Sutan Ibrahim Karim Amrullah ; (born June 14, 1974), often shortened to Sutan Amrull, is an American drag performer and make-up artist who also goes by the stage name Raja Gemini or simply Raja. They are best known for winning the third season of RuPaul's Drag Race and remain the only Asian American to win the American version of the show. Amrullah later returned to compete on the seventh season of RuPaul's Drag Race All Stars, an all-winners season, where she won the title "Queen Of She Done Already Done Had Herses". Outside of drag, Amrullah is also known for their makeup artistry on the reality television show America's Next Top Model (cycles four through twelve). Amrullah's clients include Tyra Banks, Dita von Teese, Pamela Anderson, Paulina Porizkova, Iman, Iggy Azalea, RuPaul, and Twiggy. Since 2009, Amrullah has been make-up artist to singer Adam Lambert for print media, live U.S. appearances, and Lambert's international 2010 Glam Nation Tour.

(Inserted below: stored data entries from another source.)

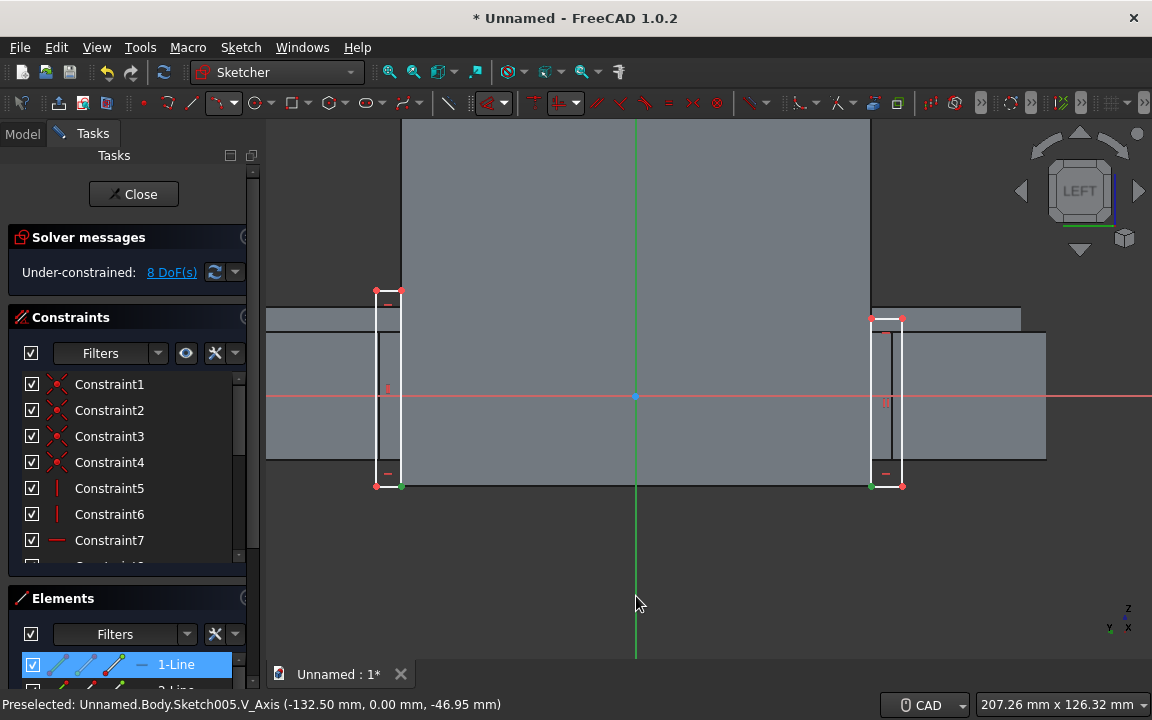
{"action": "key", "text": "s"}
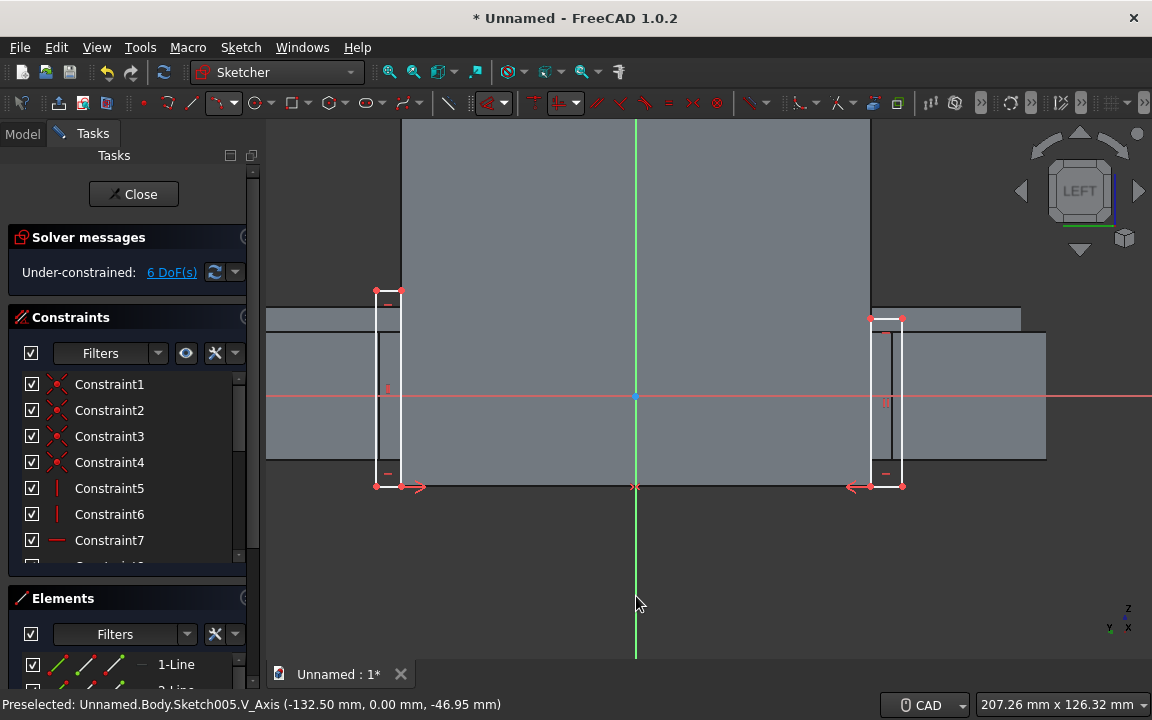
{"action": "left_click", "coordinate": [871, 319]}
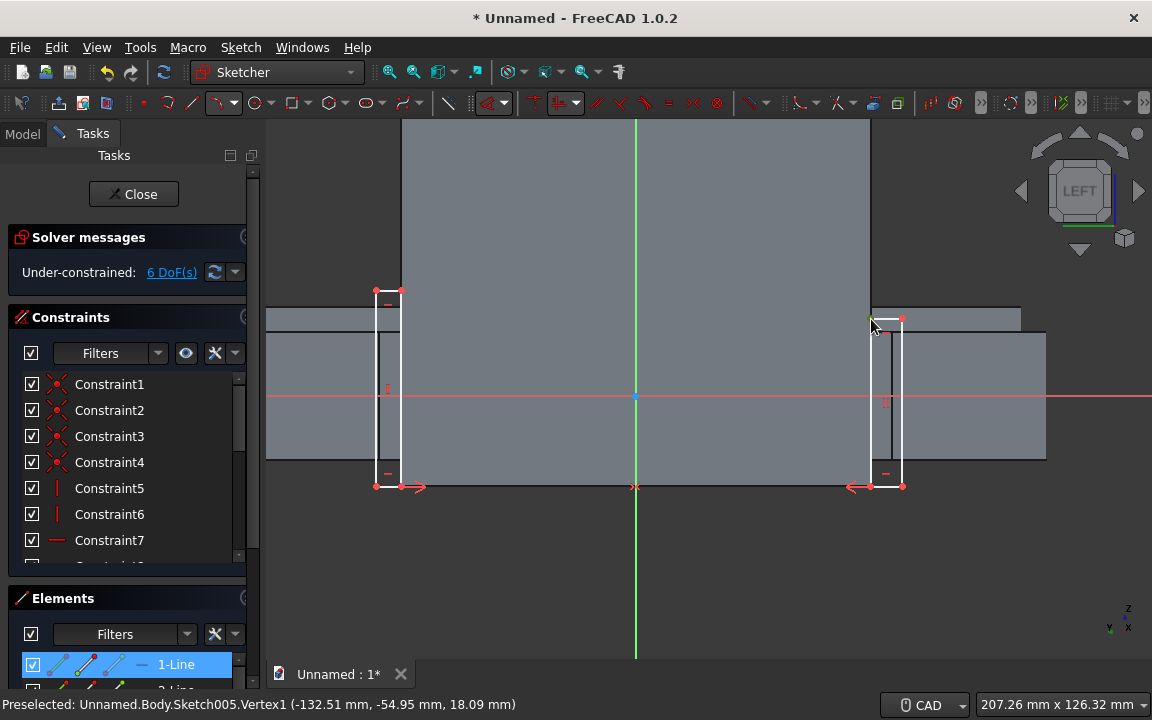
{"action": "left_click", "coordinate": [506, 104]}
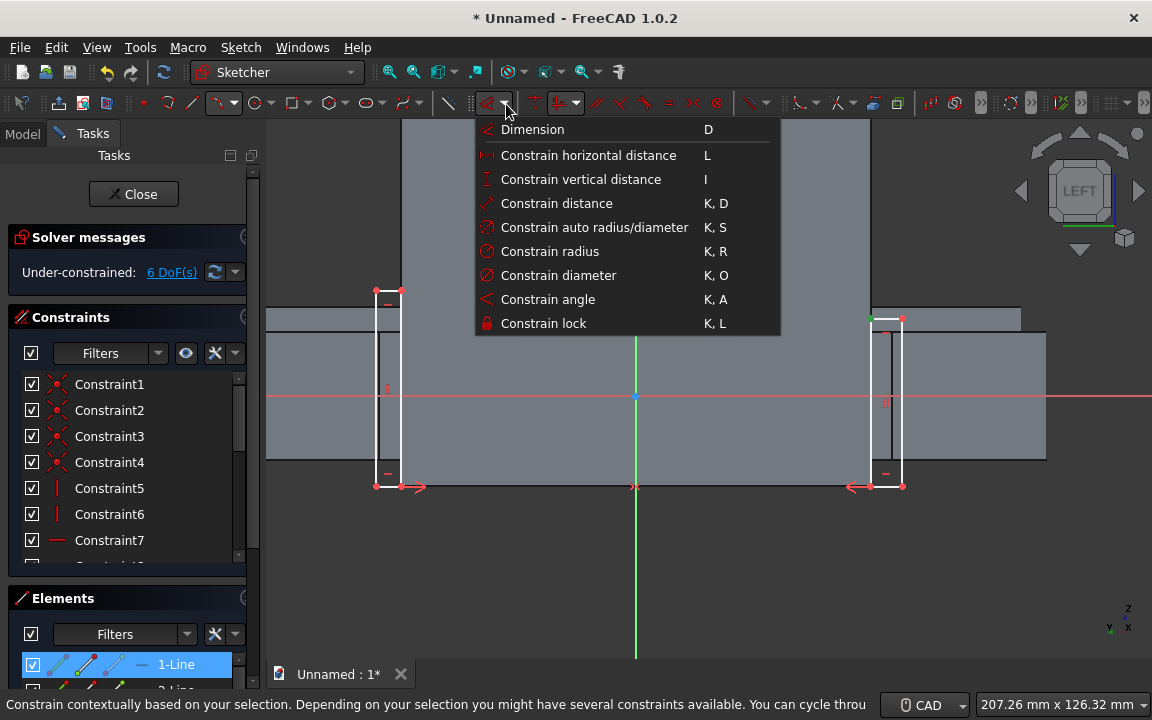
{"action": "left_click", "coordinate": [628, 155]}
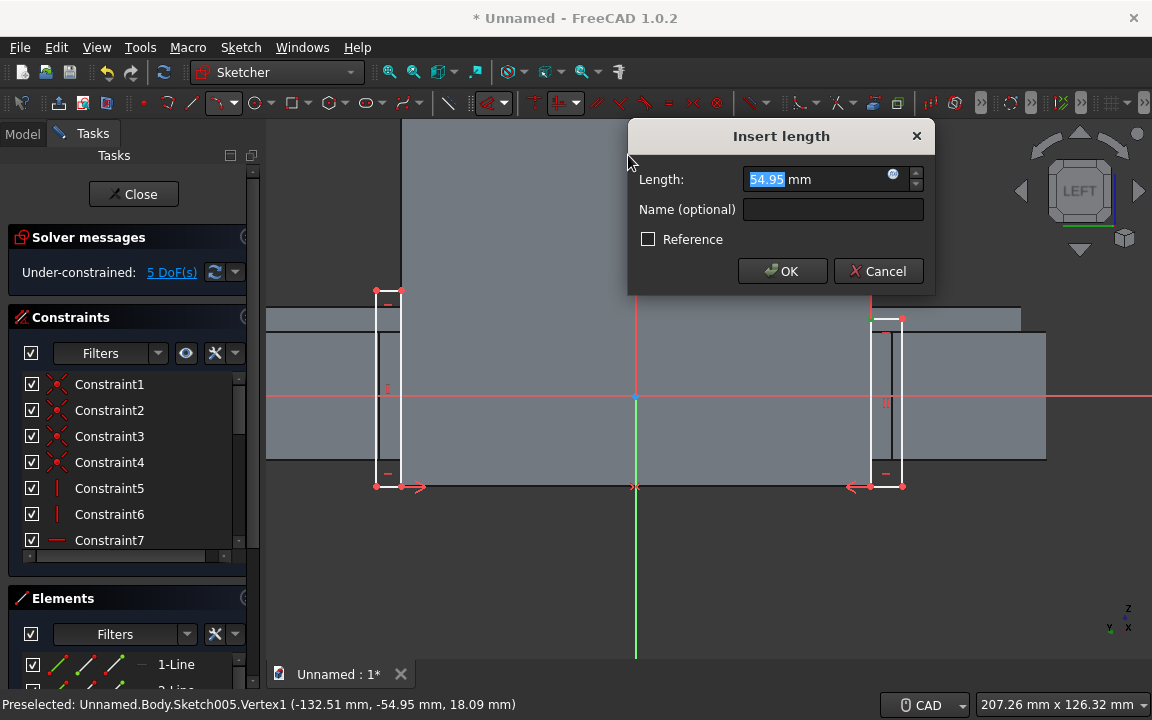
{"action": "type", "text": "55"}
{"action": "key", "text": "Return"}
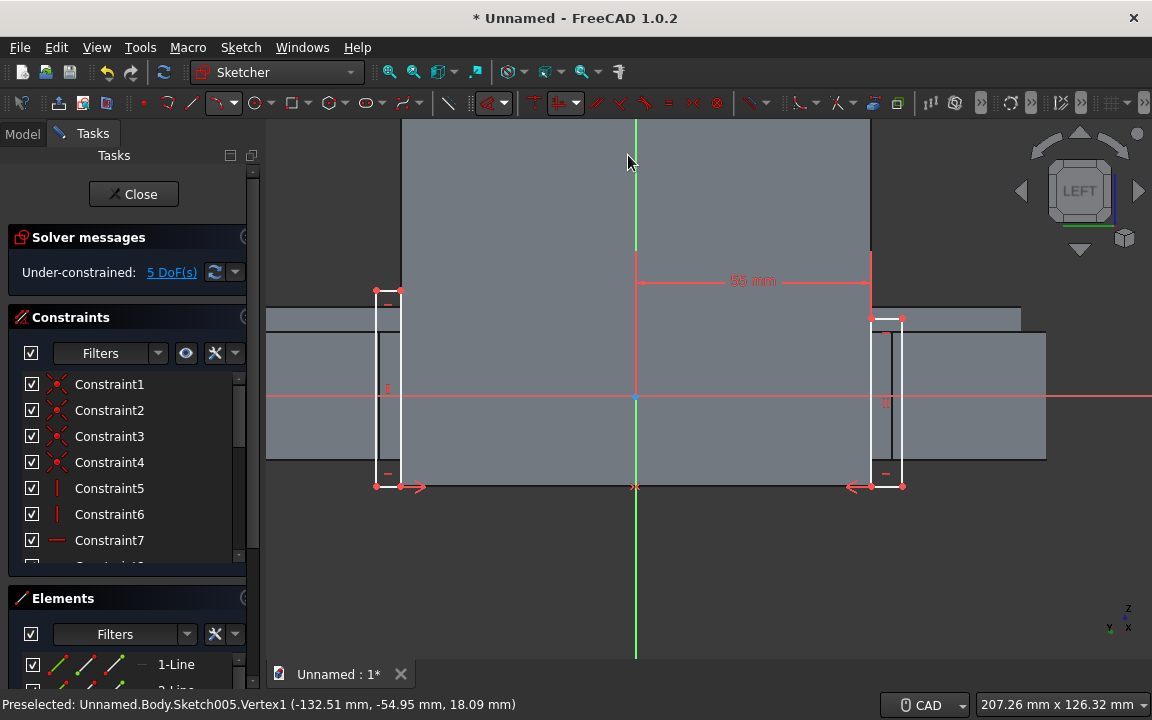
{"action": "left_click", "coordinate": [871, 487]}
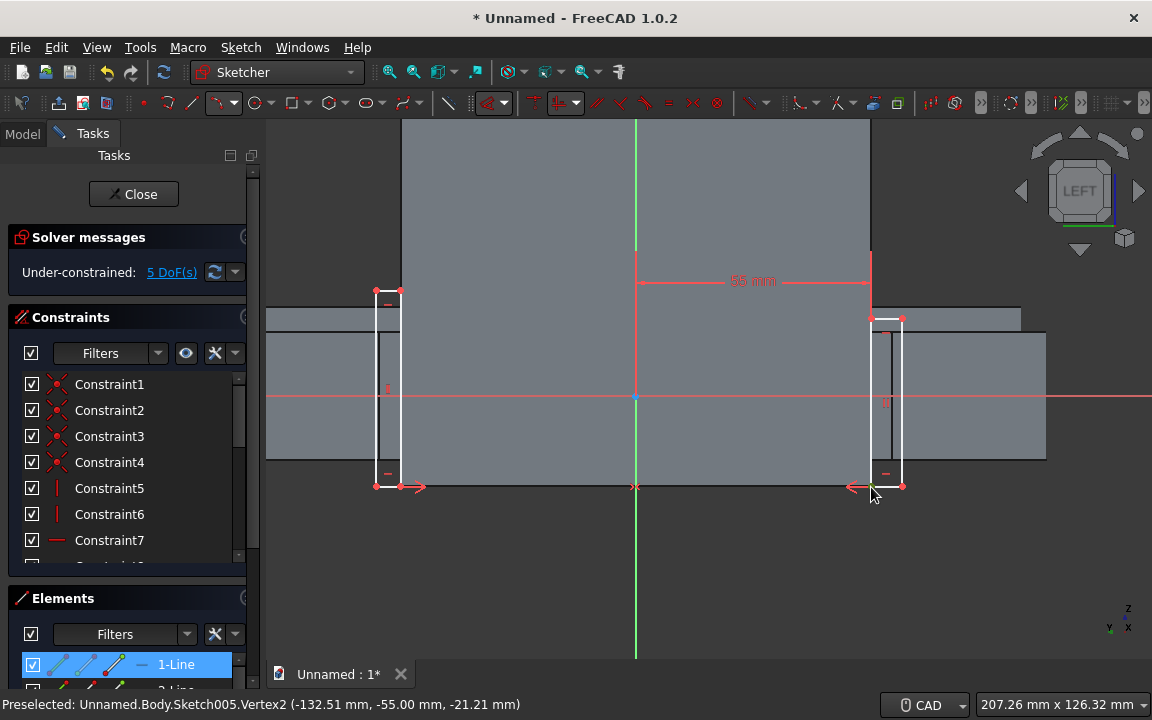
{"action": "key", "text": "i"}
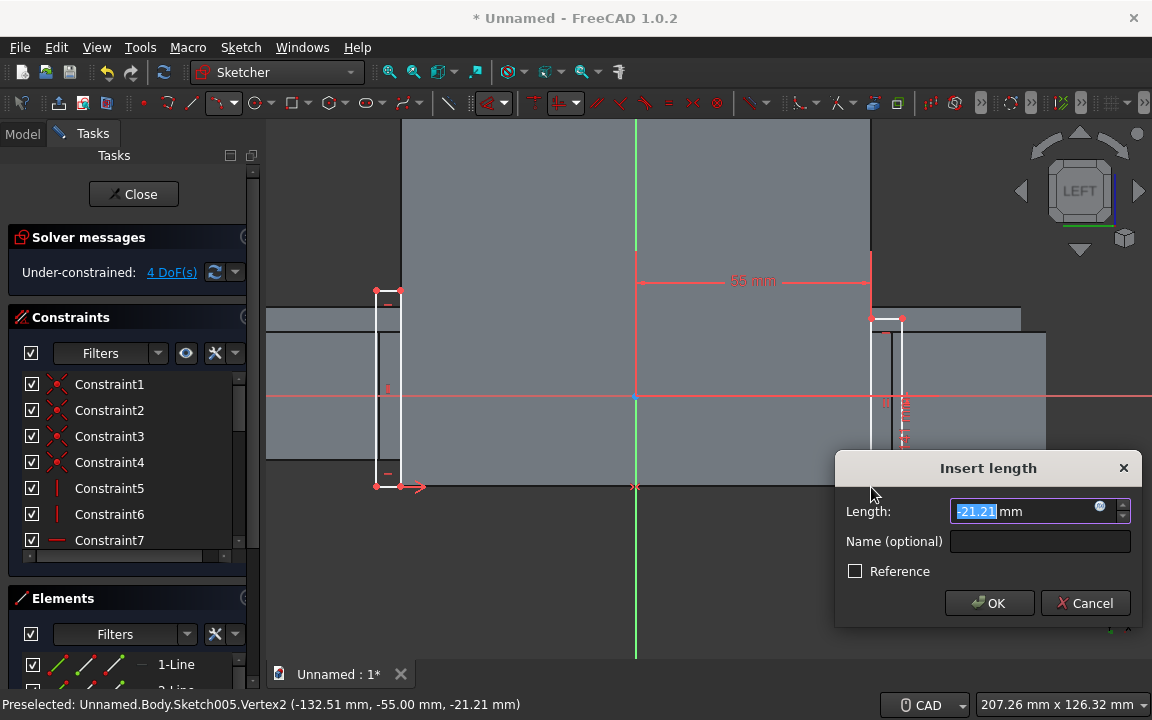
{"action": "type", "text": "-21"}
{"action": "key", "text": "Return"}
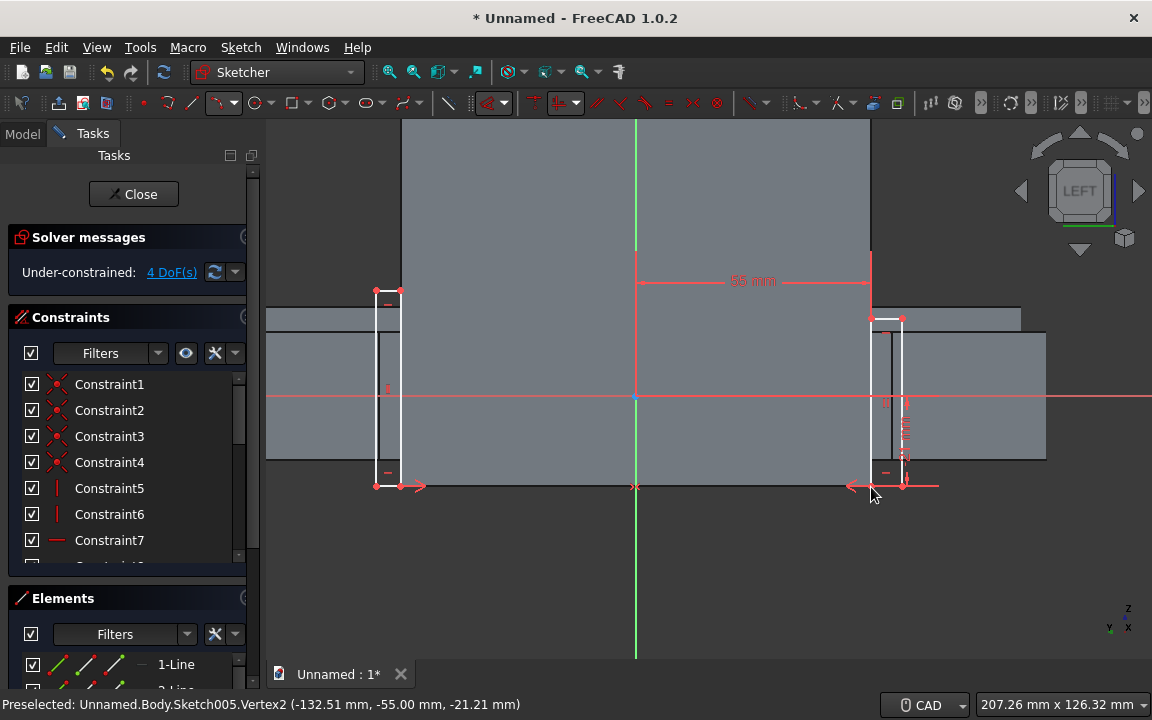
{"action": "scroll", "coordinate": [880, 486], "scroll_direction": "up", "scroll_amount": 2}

Amrullah currently co-hosts the podcast Very That, alongside Delta Work.

Early life
Amrullah was born in Baldwin Park, California. They are of Dutch and Indonesian descent. Their late father, Abdul Wadud Karim Amrullah, was the younger brother of Indonesian ʿālim and philosopher Hamka. When they were three, their family moved to the island of Bali in Indonesia, their parents' native country, where they stayed for six years before returning to the U.S.

Career

Career beginnings
At sixteen years of age, Amrullah got into the drag scene by attending L.A. nightclubs with friends. They were part of a sector of drag that was inspired by the goth and punk subcultures. The first few years of their drag career in the early '90s were spent as a club kid named Crayola.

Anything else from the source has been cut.